Known and Unknown_ A Memoir - Donald Rumsfeld [370]
We had seen some hopeful signs. We successfully pressured Pakistan to shut down its nuclear proliferation operation run by A. Q. Khan, widely regarded as the father of the Pakistani nuclear bomb. Musharraf’s government had been helpful in providing intelligence on senior al-Qaida operatives. With Pakistani intelligence, we often mounted sensitive special operations missions into their territory and conducted UAV drone strikes against terrorist targets. Musharraf had ordered Pakistani forces into western Pakistan to attack Taliban and al-Qaida strongholds and, as a result, lost hundreds of his soldiers.
To be sure, Pakistan was less forthcoming with intelligence on the Taliban networks in the country. Some in the Pakistani intelligence services believed they needed to fund and train the Taliban as a hedge against Indian influence in Afghanistan. Musharraf had made some unhelpful truces and arrangements with governors in western Pakistan, which had the effect of allowing the Taliban to regroup. It was clear by 2006 that the Taliban sanctuaries in Pakistan were directly contributing to an insurgency and the destabilization of neighboring Afghanistan.
To blunt the insurgency, I had concluded we needed to expand and accelerate the Afghan National Army well beyond the seventy thousand troops originally planned. Lieutenant General Karl Eikenberry, the commander who had replaced David Barno, had recommended we cut back the size of the ANA to fifty thousand in the fall of 2005, but we soon reversed the decision.
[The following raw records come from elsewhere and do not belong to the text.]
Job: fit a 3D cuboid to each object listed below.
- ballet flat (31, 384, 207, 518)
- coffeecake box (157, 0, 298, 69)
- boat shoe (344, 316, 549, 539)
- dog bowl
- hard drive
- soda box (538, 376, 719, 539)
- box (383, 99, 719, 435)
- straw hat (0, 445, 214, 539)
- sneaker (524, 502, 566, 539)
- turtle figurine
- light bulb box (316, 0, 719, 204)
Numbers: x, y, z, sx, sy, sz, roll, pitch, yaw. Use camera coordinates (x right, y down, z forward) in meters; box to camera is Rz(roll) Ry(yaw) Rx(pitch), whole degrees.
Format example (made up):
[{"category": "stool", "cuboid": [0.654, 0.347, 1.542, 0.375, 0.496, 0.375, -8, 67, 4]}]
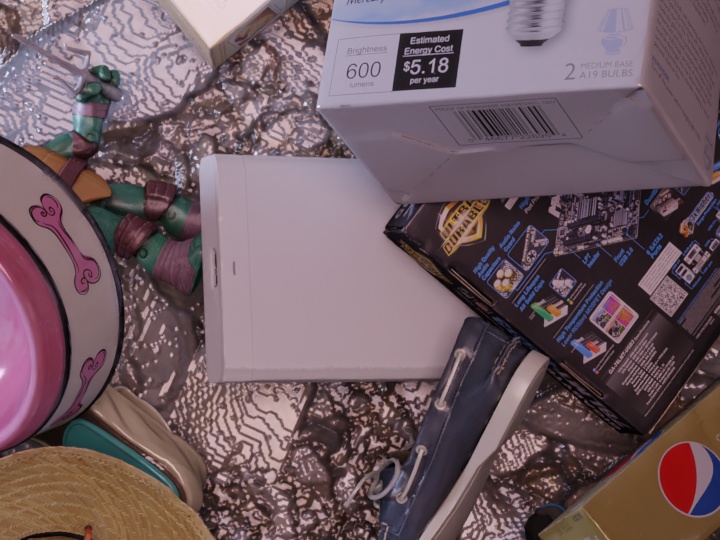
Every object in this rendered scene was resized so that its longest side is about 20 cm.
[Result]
[{"category": "ballet flat", "cuboid": [-0.172, 0.079, 1.695, 0.200, 0.069, 0.070, 40, 85, 1]}, {"category": "coffeecake box", "cuboid": [-0.062, -0.249, 1.718, 0.200, 0.073, 0.154, -39, 86, -4]}, {"category": "boat shoe", "cuboid": [0.040, 0.121, 1.673, 0.062, 0.075, 0.201, 32, 112, 11]}, {"category": "dog bowl", "cuboid": [-0.238, 0.021, 1.611, 0.199, 0.074, 0.201, 10, 119, 19]}, {"category": "hard drive", "cuboid": [0.000, 0.000, 1.675, 0.199, 0.026, 0.133, 1, 84, -30]}, {"category": "soda box", "cuboid": [0.202, 0.114, 1.659, 0.200, 0.068, 0.064, -38, 87, -28]}, {"category": "box", "cuboid": [0.149, -0.039, 1.686, 0.198, 0.050, 0.200, 39, 80, -12]}, {"category": "straw hat", "cuboid": [-0.181, 0.194, 1.669, 0.200, 0.085, 0.202, -2, 96, -14]}, {"category": "sneaker", "cuboid": [0.114, 0.240, 1.678, 0.082, 0.073, 0.201, -9, 84, -1]}, {"category": "turtle figurine", "cuboid": [-0.176, -0.058, 1.689, 0.199, 0.101, 0.150, 24, 44, -1]}, {"category": "light bulb box", "cuboid": [0.098, -0.156, 1.591, 0.197, 0.125, 0.201, -3, 64, 23]}]
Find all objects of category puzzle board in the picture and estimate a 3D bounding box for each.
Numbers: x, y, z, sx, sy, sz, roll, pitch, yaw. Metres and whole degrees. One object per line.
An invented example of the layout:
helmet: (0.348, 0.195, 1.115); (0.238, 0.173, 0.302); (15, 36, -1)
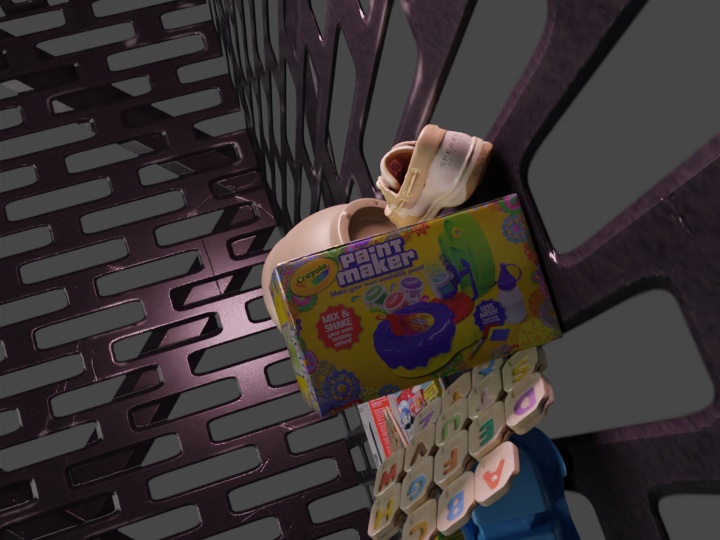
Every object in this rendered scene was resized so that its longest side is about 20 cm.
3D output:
puzzle board: (0.084, 0.187, 1.105); (0.200, 0.017, 0.151); (114, 139, -61)

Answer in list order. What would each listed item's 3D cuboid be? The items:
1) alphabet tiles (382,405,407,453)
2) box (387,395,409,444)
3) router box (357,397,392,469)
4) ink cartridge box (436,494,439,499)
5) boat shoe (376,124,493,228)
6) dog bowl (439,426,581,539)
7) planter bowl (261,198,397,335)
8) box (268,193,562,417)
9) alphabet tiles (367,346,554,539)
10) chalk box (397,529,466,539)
alphabet tiles: (0.076, 0.331, 1.327); (0.200, 0.006, 0.167); (-121, 17, -59)
box: (0.095, 0.290, 1.268); (0.144, 0.036, 0.200); (-173, 66, -80)
router box: (0.052, 0.340, 1.555); (0.200, 0.049, 0.180); (111, 141, -75)
ink cartridge box: (0.135, 0.379, 1.037); (0.146, 0.084, 0.200); (-171, 64, -80)
boat shoe: (0.051, -0.086, 0.702); (0.074, 0.069, 0.200); (-65, 9, -15)
dog bowl: (0.138, 0.224, 0.699); (0.050, 0.111, 0.200); (-20, -87, -81)
planter bowl: (0.000, 0.000, 0.932); (0.135, 0.200, 0.201); (-48, 54, 47)
box: (0.033, 0.032, 0.682); (0.193, 0.200, 0.122); (142, 111, -81)
alphabet tiles: (0.079, 0.142, 0.653); (0.015, 0.200, 0.196); (41, -157, -11)
chalk box: (0.119, 0.350, 0.783); (0.124, 0.200, 0.124); (-46, 30, 29)

I was disappointed to learn that Eikenberry had moved his military headquarters out of the U.S. embassy in Kabul, reversing the close civil-military linkage that Barno and Khalilzad had forged.
Strmecki recommended we develop a “multi-year COIN [counterinsurgency] plan” utilizing Afghan troops to defend key towns and villages against Taliban infiltration.28 “While the past three years have seen progressive improvements in the counterinsurgency techniques of the Coalition, there are opportunities to undertake additional innovations,” Strmecki wrote.29 Without deploying tens of thousands of U.S. military forces, we could use a parallel structure of civil, nonmilitary support teams to help Afghans stabilize their towns and villages, offering viable livelihoods rather than succumbing to the Taliban. This of course would require yet another effort, building on our earlier attempts, to get other departments and agencies of our federal government to send support teams of civilian experts.
I had sought to increase the NATO alliance’s involvement in Afghanistan to lessen the burden on our troops as well. Eventually all of the alliance’s forces were placed under one command—the International Security Assistance Force (ISAF) led by an American general—to achieve an integrated effort.30 It was a major step for NATO that promised a new relevance for the Alliance in the twenty-first century.
Giving NATO a leading role in Afghanistan was not without its challenges. One was that NATO, though a military alliance, operates as a committee by consensus, and it’s difficult to conduct a war by committee. The command arrangements between NATO headquarters in Brussels, ISAF headquarters in Kabul, and the different commanders across the country were complex. NATO military forces were also under widely differing instructions from their home governments. If fired on, some forces could only engage in defensive maneuvers. Though I had hoped that NATO’s involvement would bring in more international contributions for Afghan reconstruction, it became a pattern for President Karzai to be promised more assistance than he received from the international community.